Language Skills: English required
Language Skills: English required; French and Arabic a plus
Certificates or Licenses: GIAC, CISSP, ITIL, CISM or others, which support adequate ability to design, deploy and operate IT security solutions; must possess or be actively working towards AZ500 Microsoft Azure Security Technologies.
Working Environment: Standard office work environment; work location may be another IRC office.
Travel****: Up to 5% /year
The IRC and IRC workers must adhere to the values and principles outlined in IRC Way - Standards for Professional Conduct. These are Integrity, Equality, Service, and Accountability. In accordance with these values, the IRC operates and carries out policies on Beneficiary Protection from Exploitation and Abuse, Child Safeguarding, Anti Workplace Harassment, Fiscal Integrity, and Anti-Retaliation.

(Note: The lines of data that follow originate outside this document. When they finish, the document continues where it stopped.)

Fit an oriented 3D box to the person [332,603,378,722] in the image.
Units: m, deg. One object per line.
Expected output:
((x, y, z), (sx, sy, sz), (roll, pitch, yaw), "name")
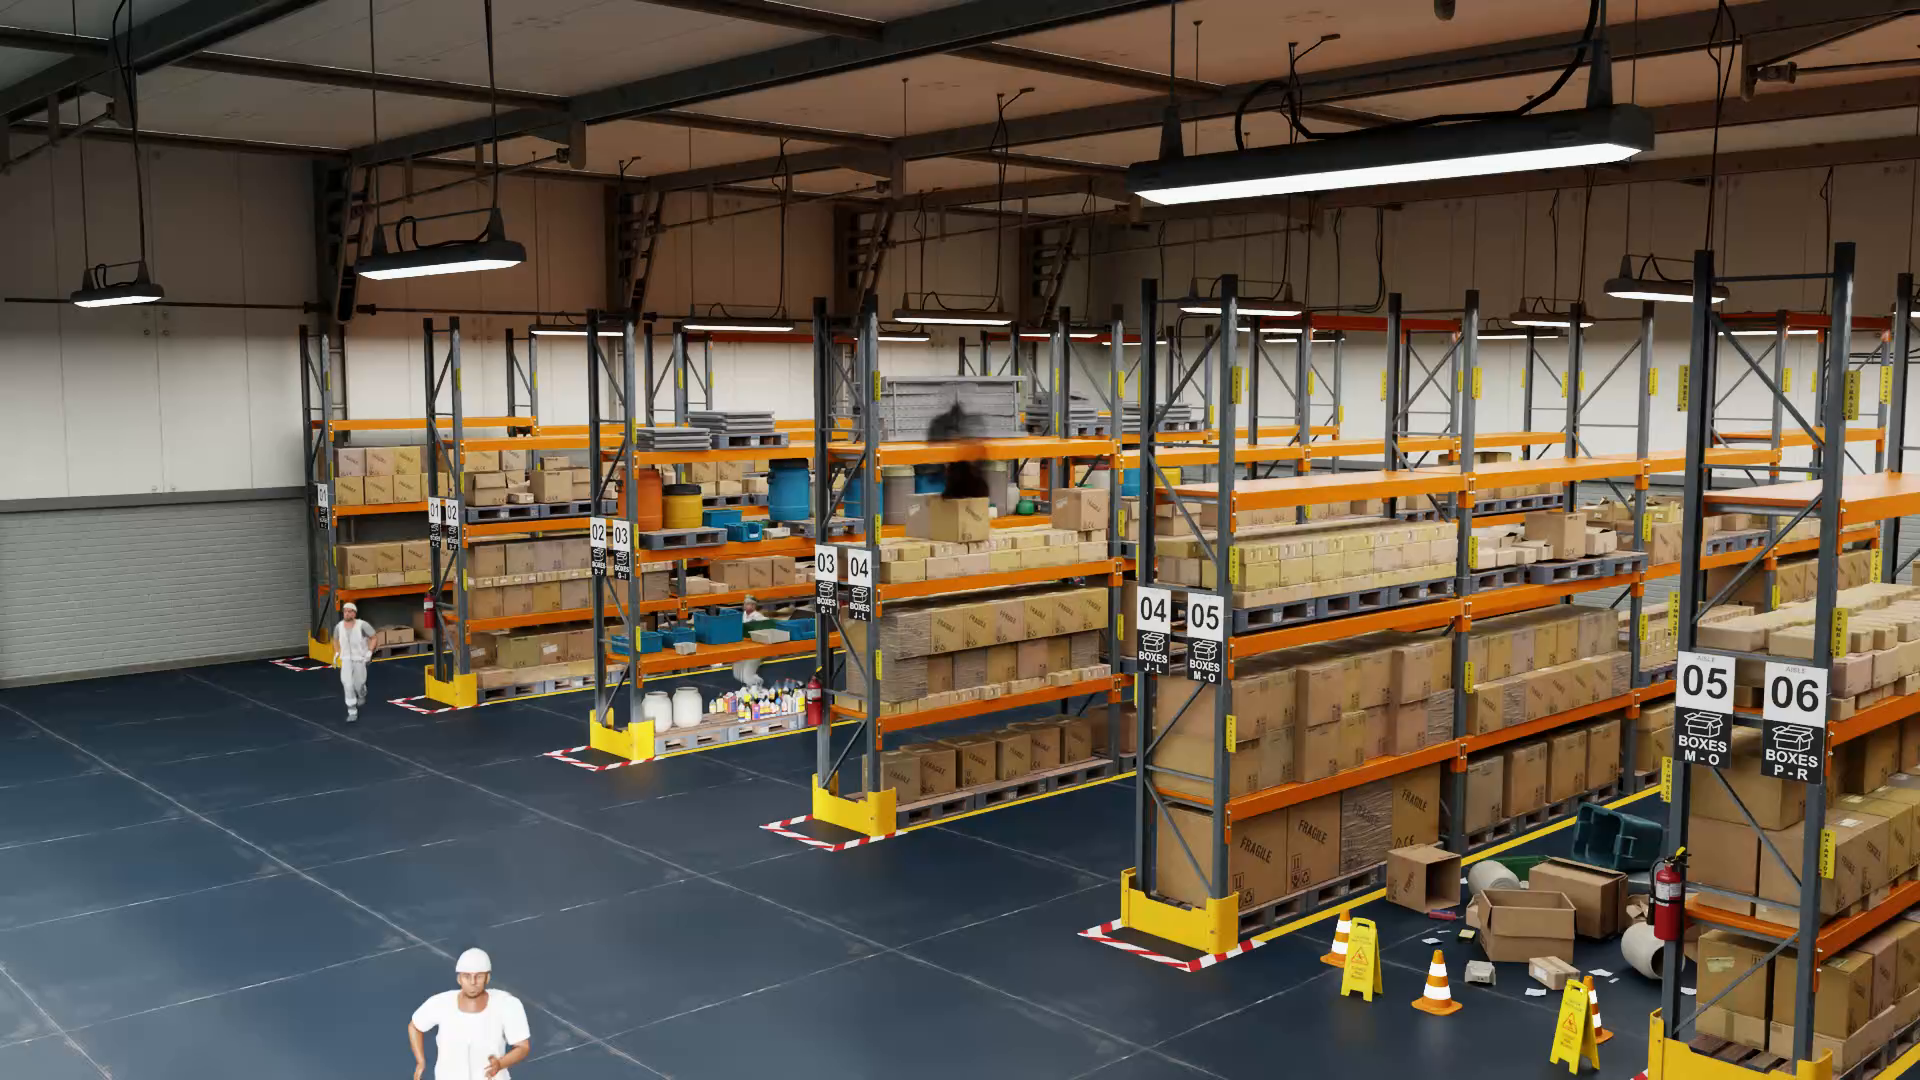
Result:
((-9.008, 1.789, 24.785), (0.662, 1.756, 0.718), (-1, 6, -5), "person")

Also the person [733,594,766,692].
((-3.225, 1.693, 25.819), (0.630, 1.737, 0.595), (5, 7, 39), "person")

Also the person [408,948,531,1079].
((-2.900, 3.290, 9.885), (0.691, 1.737, 0.662), (-2, 6, -19), "person")
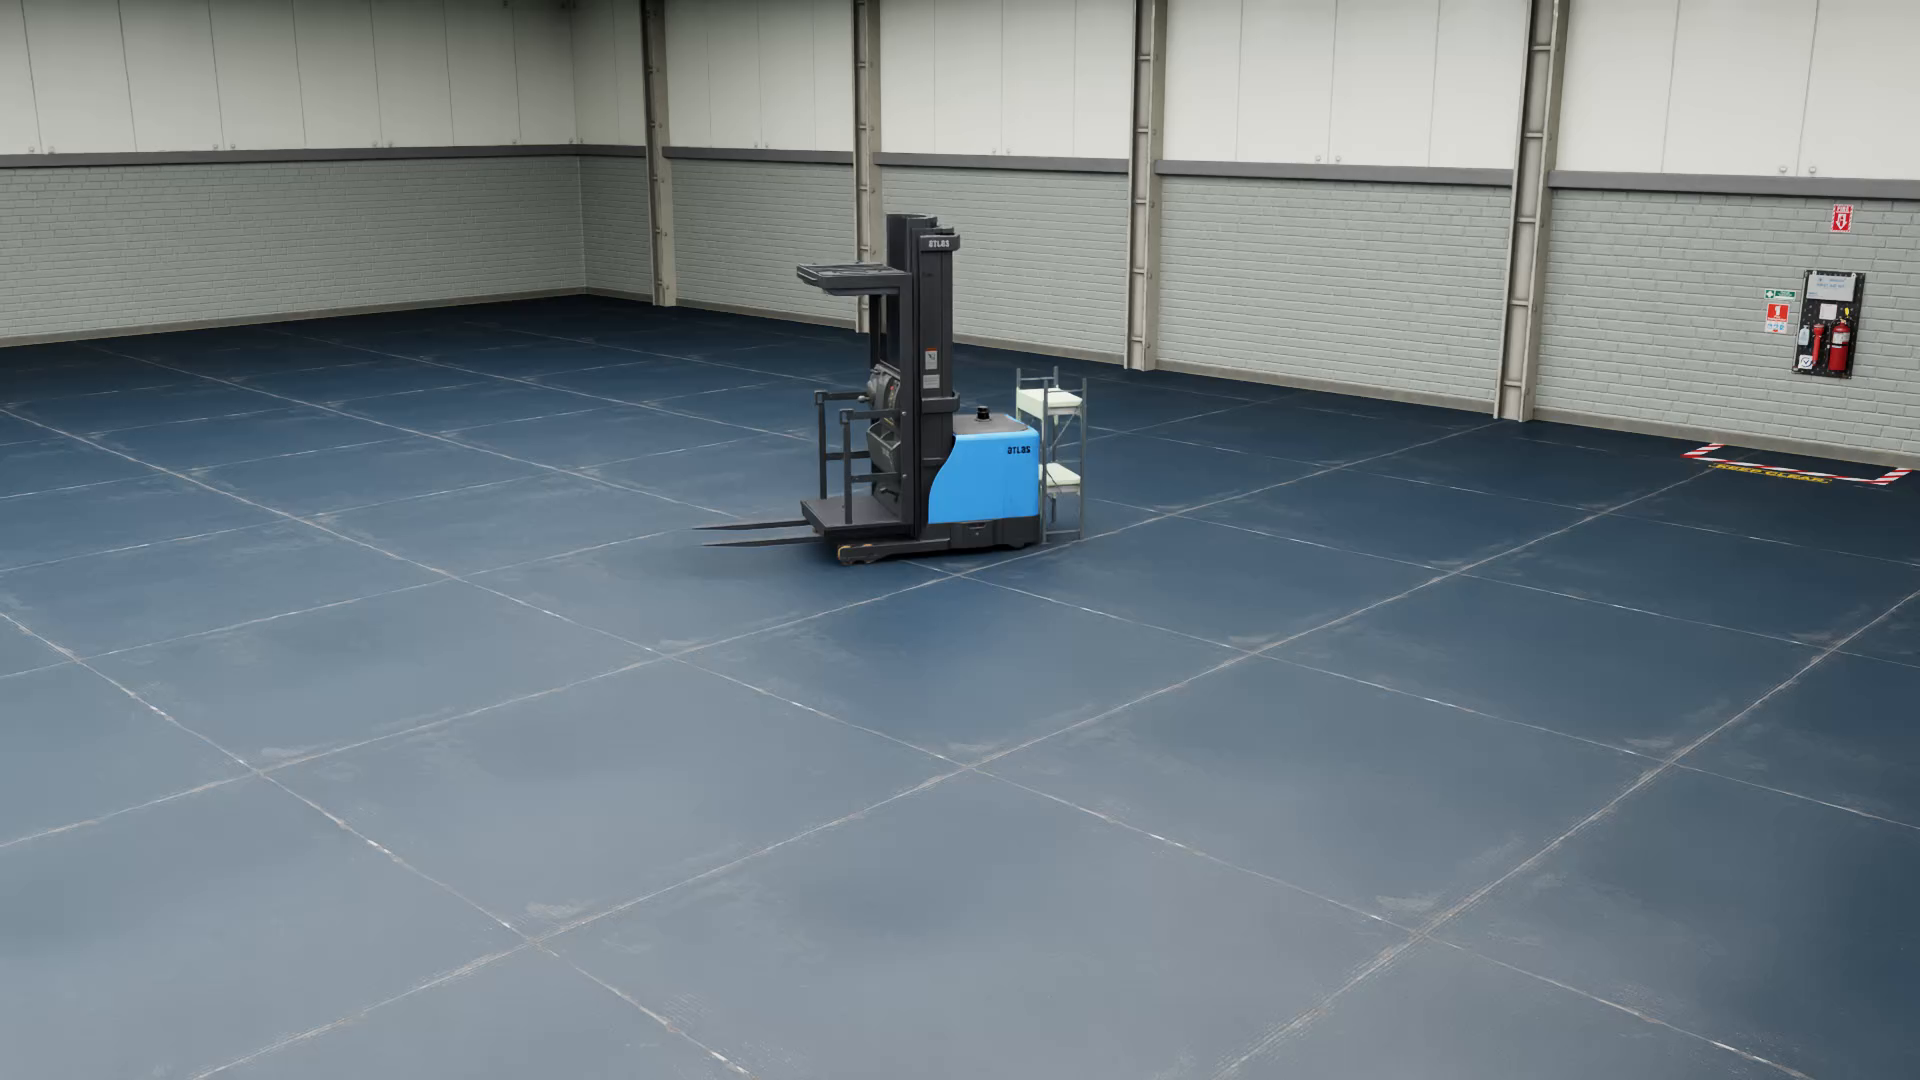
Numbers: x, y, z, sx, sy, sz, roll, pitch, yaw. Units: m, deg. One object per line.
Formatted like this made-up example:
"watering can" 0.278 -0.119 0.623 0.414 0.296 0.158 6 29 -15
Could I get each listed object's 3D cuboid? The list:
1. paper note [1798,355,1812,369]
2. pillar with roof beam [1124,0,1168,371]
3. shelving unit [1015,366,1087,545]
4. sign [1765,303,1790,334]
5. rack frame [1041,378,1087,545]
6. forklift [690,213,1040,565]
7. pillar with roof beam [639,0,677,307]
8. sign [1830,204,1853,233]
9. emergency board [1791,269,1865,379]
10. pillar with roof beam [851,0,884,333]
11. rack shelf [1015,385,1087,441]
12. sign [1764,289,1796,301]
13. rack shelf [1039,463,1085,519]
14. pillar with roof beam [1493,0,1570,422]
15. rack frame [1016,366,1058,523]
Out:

IRC et les employés de IRC doivent adhérer aux valeurs et principes contenus dans le IRC WAY (normes de conduite professionnelle). Ce sont l’Intégrité, Egalite, le Service, et la Responsabilité. En conformité avec ces valeurs, IRC opère et fait respecter les politiques sur la protection des bénéficiaires contre l’exploitation et les abus, la protection de l’enfant, le harcèlement sur les lieux de travail, l’intégrité financière, et les représailles.